Seven-time Olympic gold medalist Katie Ledecky's exercise routine includes 10 pool workouts over five days and three weight room sessions a week, with Sundays off.
You can bet she gets in a lot more than the minimum recommended amount of moderate physical activity (150-300 minutes weekly) or vigorous physical activity (75-150 minutes weekly), which is essential for a world-class athlete.
For the rest of us, however, there's good news about the benefits of faithfully sticking with those minimum recommendations — or increasing them a bit.
A study published in the journal Circulation used 30 years' data on 100,000 people to see what impact different levels of physical activity have on the risk of death from cardiovascular disease and from all causes.

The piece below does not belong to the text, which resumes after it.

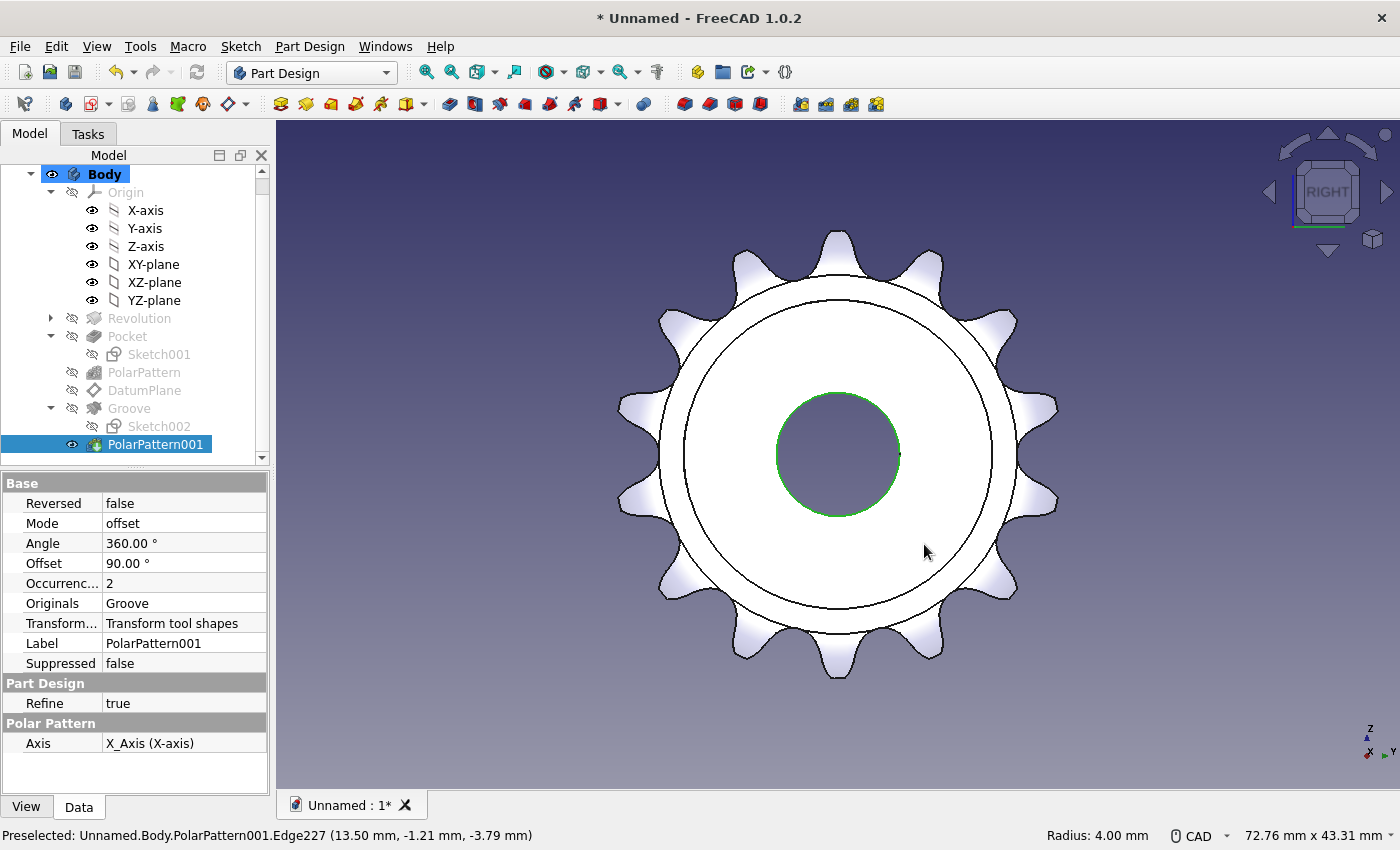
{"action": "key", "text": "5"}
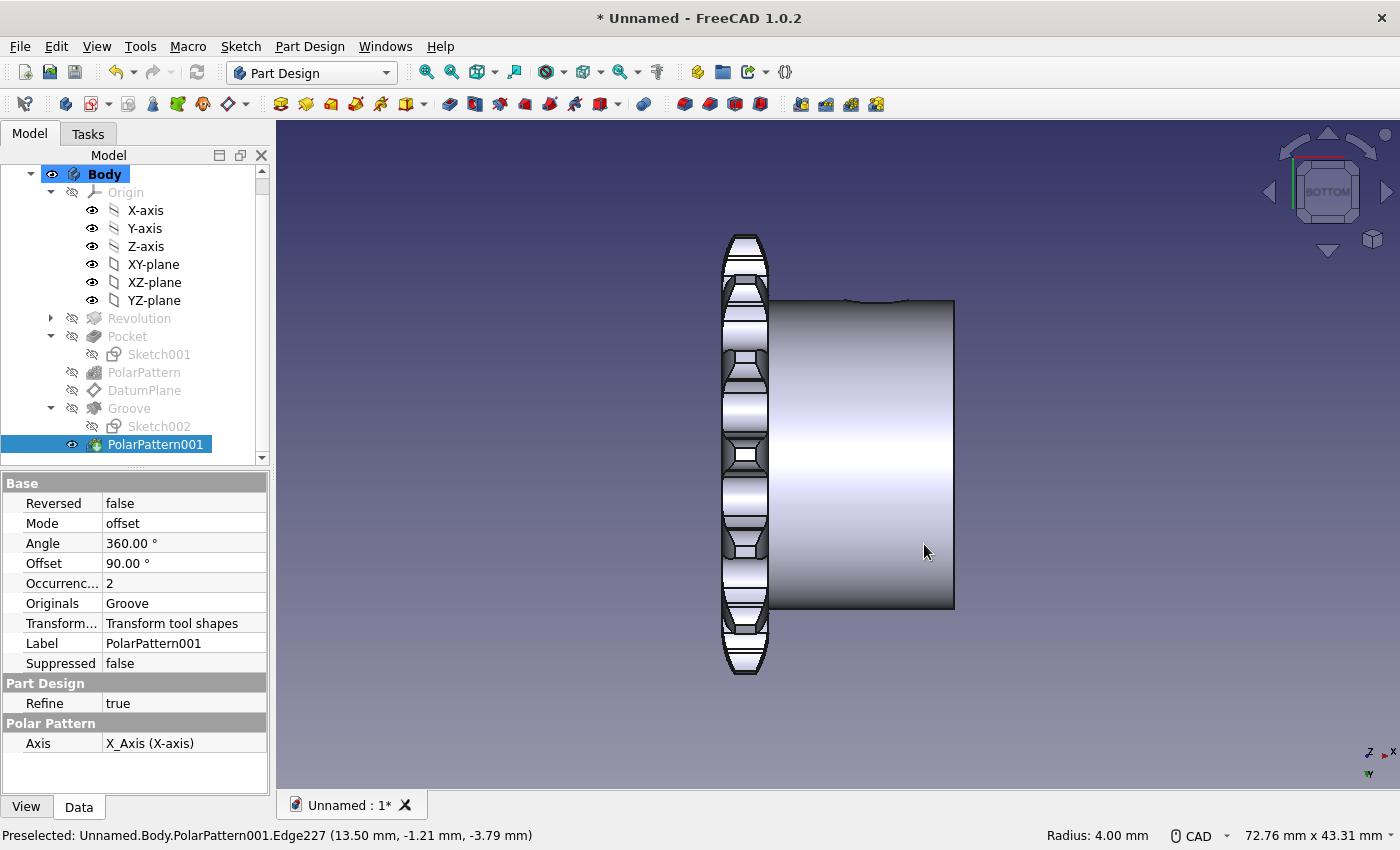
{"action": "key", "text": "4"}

The researchers discovered that those who regularly did 150-300 minutes a week of moderate physical activity had a 22% to 25% lower risk of death from cardiovascular disease and a 20% to 21% lower risk of death from all causes over those decades.
The very best protection came from 300 to 600 minutes a week (or 42 to 84 minutes a day) of long-term moderate physical activity or around 150 to 300 minutes a week of vigorous physical activity (21 to 42 minutes a day), or an equivalent combination of both. Those levels of activity reduced the risks by 26% to 31% — the equivalent of living eight years longer disability-free.
That should be exciting enough to make you head out the door to get started on your 42-plus minutes of smiles, sweat, and a longer, healthier life.